- Location in Indian River County and the state of Florida
- Coordinates: 27°45′12″N 80°23′48″W﻿ / ﻿27.75333°N 80.39667°W
- Country: United States
- State: Florida
- County: Indian River

Area
- • Total: 1.23 sq mi (3.18 km^{2})
- • Land: 1.21 sq mi (3.14 km^{2})
- • Water: 0.015 sq mi (0.04 km^{2})
- Elevation: 7 ft (2.1 m)

Population (2020)
- • Total: 2,194
- • Density: 1,811.2/sq mi (699.32/km^{2})
- Time zone: UTC-5 (Eastern (EST))
- • Summer (DST): UTC-4 (EDT)
- ZIP code: 32963
- Area code: 772
- FIPS code: 12-74635
- GNIS feature ID: 2402974

= Wabasso Beach, Florida =

Place in Florida, United States

Wabasso Beach is a census-designated place (CDP) in Indian River County, Florida, United States. As of the 2020 census, Wabasso Beach had a population of 2,194. It is part of the Sebastian-Vero Beach Metropolitan Statistical Area.
==Geography==

According to the United States Census Bureau, the CDP has a total area of 1.2 sqmi, of which 1.2 sqmi is land and 0.04 sqmi (1.68%) is water.

==Demographics==

Historical population
| Census | Pop. | Note | %± |
| 2020 | 2,194 |  | — |
U.S. Decennial Census

===2020 census===
As of the 2020 census, Wabasso Beach had a population of 2,194. The median age was 71.3 years. 2.6% of residents were under the age of 18 and 71.9% of residents were 65 years of age or older. For every 100 females there were 83.9 males, and for every 100 females age 18 and over there were 83.1 males age 18 and over.

100.0% of residents lived in urban areas, while 0.0% lived in rural areas.

There were 1,177 households in Wabasso Beach, of which 4.7% had children under the age of 18 living in them.

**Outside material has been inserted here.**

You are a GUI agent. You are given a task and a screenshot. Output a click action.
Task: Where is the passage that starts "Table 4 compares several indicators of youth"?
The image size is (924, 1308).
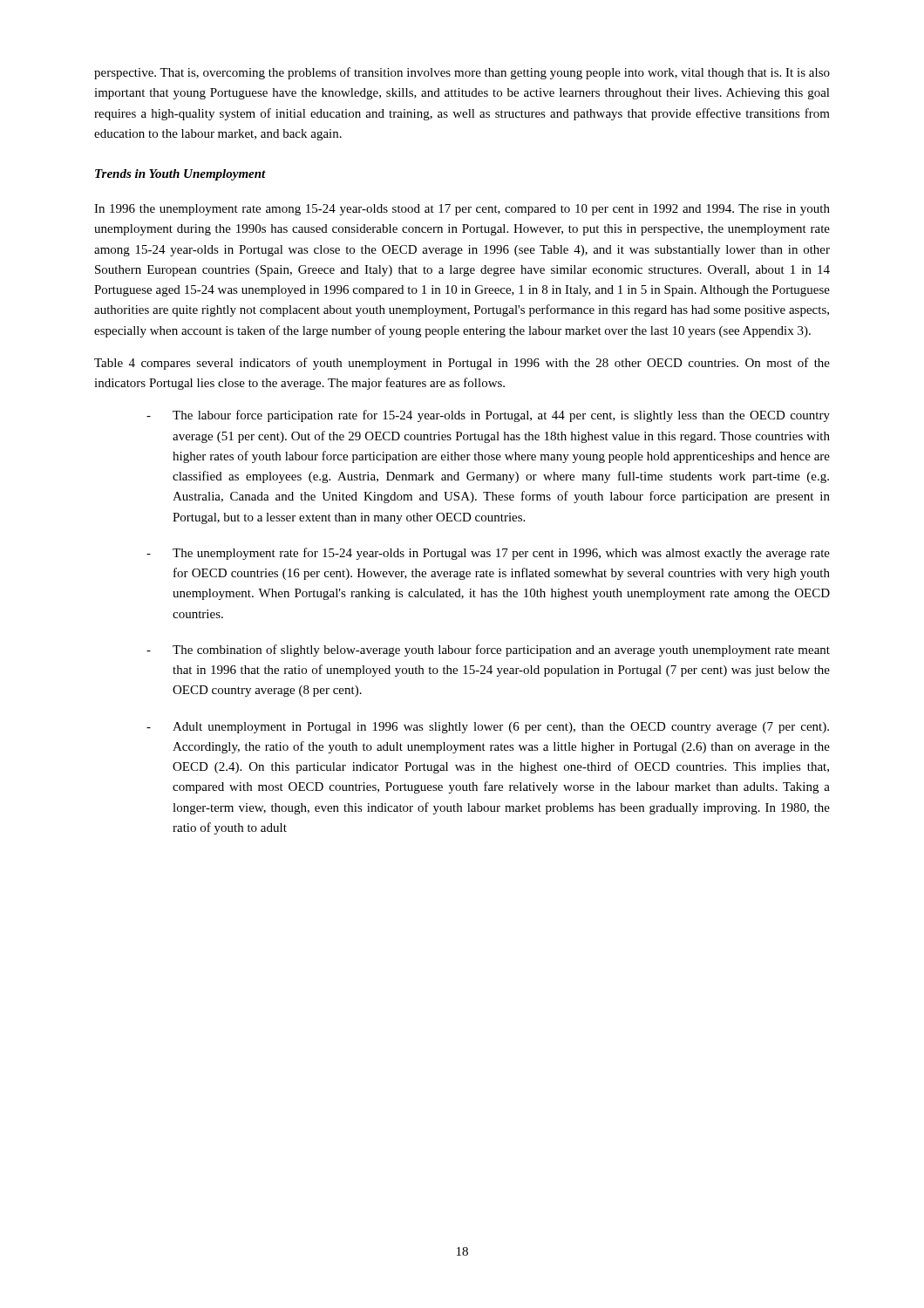click(462, 373)

Of all households, 65.4% were married-couple households, 9.8% were households with a male householder and no spouse or partner present, and 20.5% were households with a female householder and no spouse or partner present. About 26.0% of all households were made up of individuals and 20.4% had someone living alone who was 65 years of age or older.

There were 1,600 housing units, of which 26.4% were vacant. The homeowner vacancy rate was 1.6% and the rental vacancy rate was 25.7%.

Racial composition as of the 2020 census
| Race | Number | Percent |
|---|---|---|
| White | 2,072 | 94.4% |
| Black or African American | 5 | 0.2% |
| American Indian and Alaska Native | 4 | 0.2% |
| Asian | 16 | 0.7% |
| Native Hawaiian and Other Pacific Islander | 0 | 0.0% |
| Some other race | 9 | 0.4% |
| Two or more races | 88 | 4.0% |
| Hispanic or Latino (of any race) | 46 | 2.1% |

===2000 census===
As of the census of 2000, there were 1,075 people, 554 households, and 383 families residing in the CDP. The population density was 912.3 PD/sqmi. There were 865 housing units at an average density of 734.1 /sqmi. The racial makeup of the CDP was 98.79% White, 0.09% African American, 0.09% Native American, 0.19% Asian, 0.37% from other races, and 0.47% from two or more races. Hispanic or Latino of any race were 1.02% of the population.

There were 554 households, out of which 9.7% had children under the age of 18 living with them, 64.8% were married couples living together, 3.8% had a female householder with no husband present, and 30.7% were non-families. 25.6% of all households were made up of individuals, and 15.7% had someone living alone who was 65 years of age or older. The average household size was 1.94 and the average family size was 2.28.

In the CDP, the population was spread out, with 8.5% under the age of 18, 2.0% from 18 to 24, 10.5% from 25 to 44, 32.1% from 45 to 64, and 46.9% who were 65 years of age or older. The median age was 64 years. For every 100 females, there were 94.7 males. For every 100 females age 18 and over, there were 89.2 males.

The median income for a household in the CDP was $67,072, and the median income for a family was $74,808. Males had a median income of $75,771 versus $39,464 for females. The per capita income for the CDP was $48,690. About 2.0% of families and 1.4% of the population were below the poverty line, including 14.8% of those under age 18 and none of those age 65 or over.